Nichole Harvey, RN, and team manager for all the burn and wound services of the Paul Silverstein Burn Center, often hears back from patients about the positive difference the nursing staff made in their lives.

CAREERS IN NURSING
DAYS TO HEAL: OKLAHOMA CITY BURN CENTER OFFERS HOPE

by James Coburn – Writer/Photographer

Nichole Harvey love the critical care aspect of being a registered nurse and team manager for all the burn and wound services of the Paul Silverstein Burn Center at INTEGRIS Baptist Medical Center in Oklahoma City.
“I love the satisfaction of seeing wounds heal,” said Harvey, whose father was former Oklahoma City Fire Chief Alan Benson. “I just felt like it was part of his legacy and I was just attracted to helping people, so that’s part of why I was drawn to this area.”
Harvey has been a nurse for five years since earning her nursing degree at OSU/OKC. She began her career at the burn center working as an intensive care unit tech in 2009. When she graduated as a registered nurse in 2011, she continued to work in the ICU before working in the Boston area of Cape Cod for three years. She returned to INTEGRIS two years ago.
Working at the burn center is interesting with high-profile technology that saves lives such as the large hypberbaric chamber, Harvey said. She is never bored when learning more about helping patients to heal.
“The chamber is actually built for mainly healing wounds, diabetic wounds, people who can’t heal after many, many tries,” she said. “We’ll have emergencies for people, not necessarily their burn wounds — we do that topical. It is actually for carbon monoxide poisoning. So a lot of times people don’t have burns when we put them in.”
The chamber has been used to treat firefighters and carbon monoxide poisoning from people painting inside enclosed rooms with high levels of toxic fumes.
“We put them in here and it helps to get those levels down to normal,” she explained.
One of the more challenging roles for Harvey as a burn nurse is responding to patients arriving in the burn center experiencing acute pain. She wants them not to be in pain but cannot give them so much morphine or other drugs that could stop them from breathing, Harvey continued.
“There has to be a fine line. You have to grow a tough skin to know that they’re going to feel pain; it’s going to be painful, and you try to do the best to make them pain-free as possible,” Harvey mentioned.
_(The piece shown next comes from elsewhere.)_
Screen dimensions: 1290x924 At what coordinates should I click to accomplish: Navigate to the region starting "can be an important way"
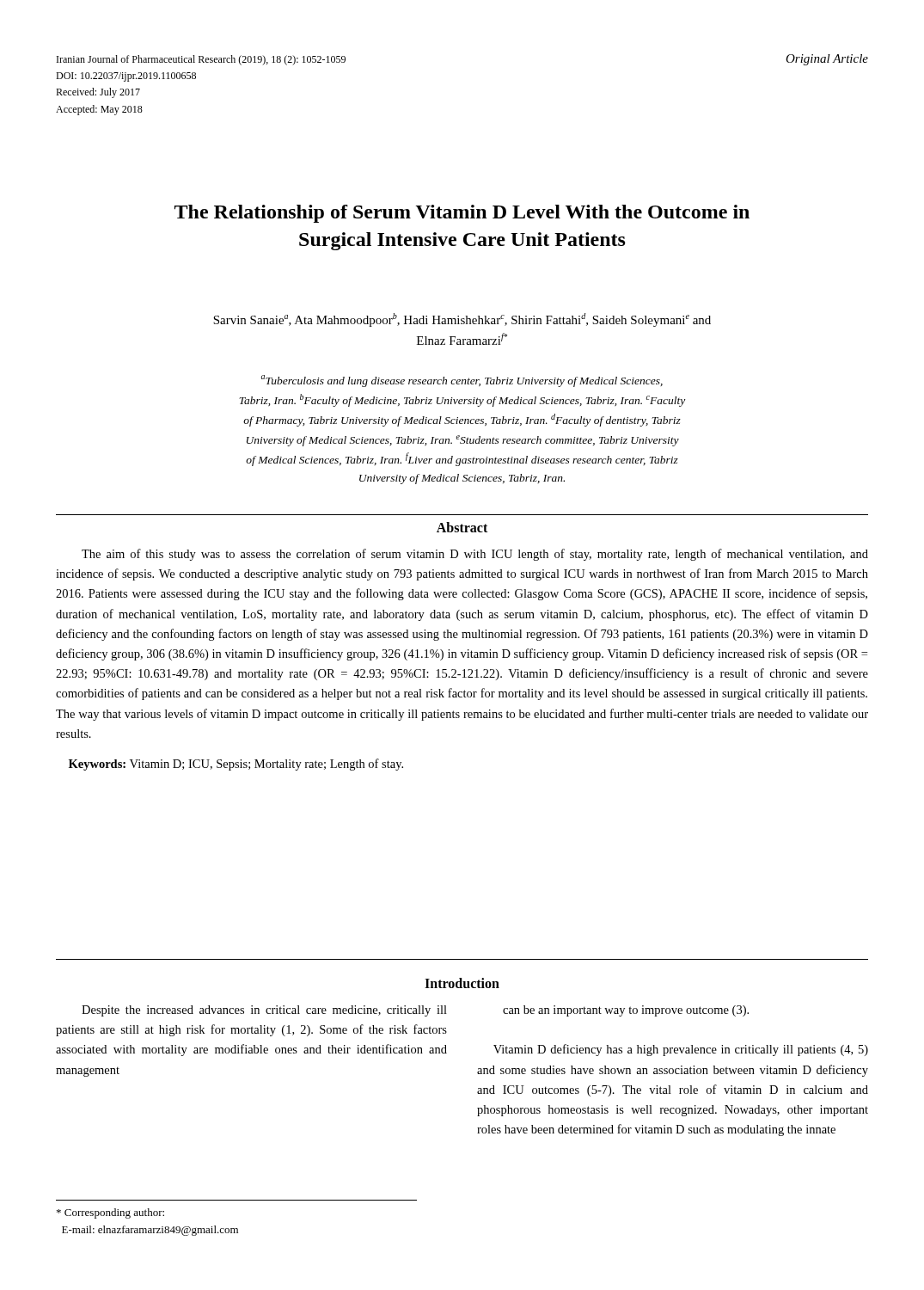pyautogui.click(x=673, y=1069)

She also explains that sometimes pain is a positive indication that nerve endings are beginning to grow back to normal. So she helps educate patients and their families about the road to recovery and feeling better.
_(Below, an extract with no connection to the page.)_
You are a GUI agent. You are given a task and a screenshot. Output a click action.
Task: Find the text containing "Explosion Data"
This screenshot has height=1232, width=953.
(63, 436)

“Try to make a positive spin on it if you have to, so they can see past it,” Harvey said.
Years pass and the Paul Silverstein Burn Center has patients come back after they have healed. Harvey loves hearing their stories. One gentleman who lived through an oil fire returned to say how positive his experience was at the burn center.
“It may not have been when he left or during it, but he sees into the future and how glad he was we pushed him,” Harvey said. “That give us encouragement at this level of care because a lot of times we get down, and a lot of the nurses are down, because they feel like they’re not helping these patients. They feel like their patients are not feeling better and they’re sad.”
“So there’s that battle, and when we see them come back and say, ‘Thank you’ — you know it was worth something.”
Nurses help each other by exhausting all of their frustrations by verbally coming to Harvey or another friend on staff. To say it out loud through the process of debriefing helps the burn nurses to cope.
“Sometimes they think they are hurting the patient,” she said.
But being a burn nurse also reaps with feelings of validation by knowing they have benefited humanity. At the end of the day they know they’ve done something that day to help someone, sometime during the day, Harvey said.
“I think it takes a specific type of nurse. I think they need to be diligent, tough in pushing the patients, and being able to stomach a lot of the wound dressing changes, I think is a big aspect,” she said.
The nursing staff is constantly communicating to patients and their loved ones what to expect. What to do when they leave is vital knowledge, she said.
“We actually have an old fire bell from one of the museums donated. It symbolizes back when they didn’t have fire alarms on the truck. They had different bells for ringing they would use to tell everyone where they were in the process of a fire,” she said.
The bell at the burn unit symbolizes a fire is nearly extinguished but work remains.
“Every time a burn patient leaves we have them ring the bell,” Harvey said. “And that says we got most of this done, but you still have a lifetime of work to do in front of you.”
Education helps patients and families move beyond the psychological wound itself.
Harvey is wise to rejuvenate and find joy in life not only at work but during moments of leisure. She especially enjoys spending time with her family and their animals.
“I like art and music; doing things around the house,” she said.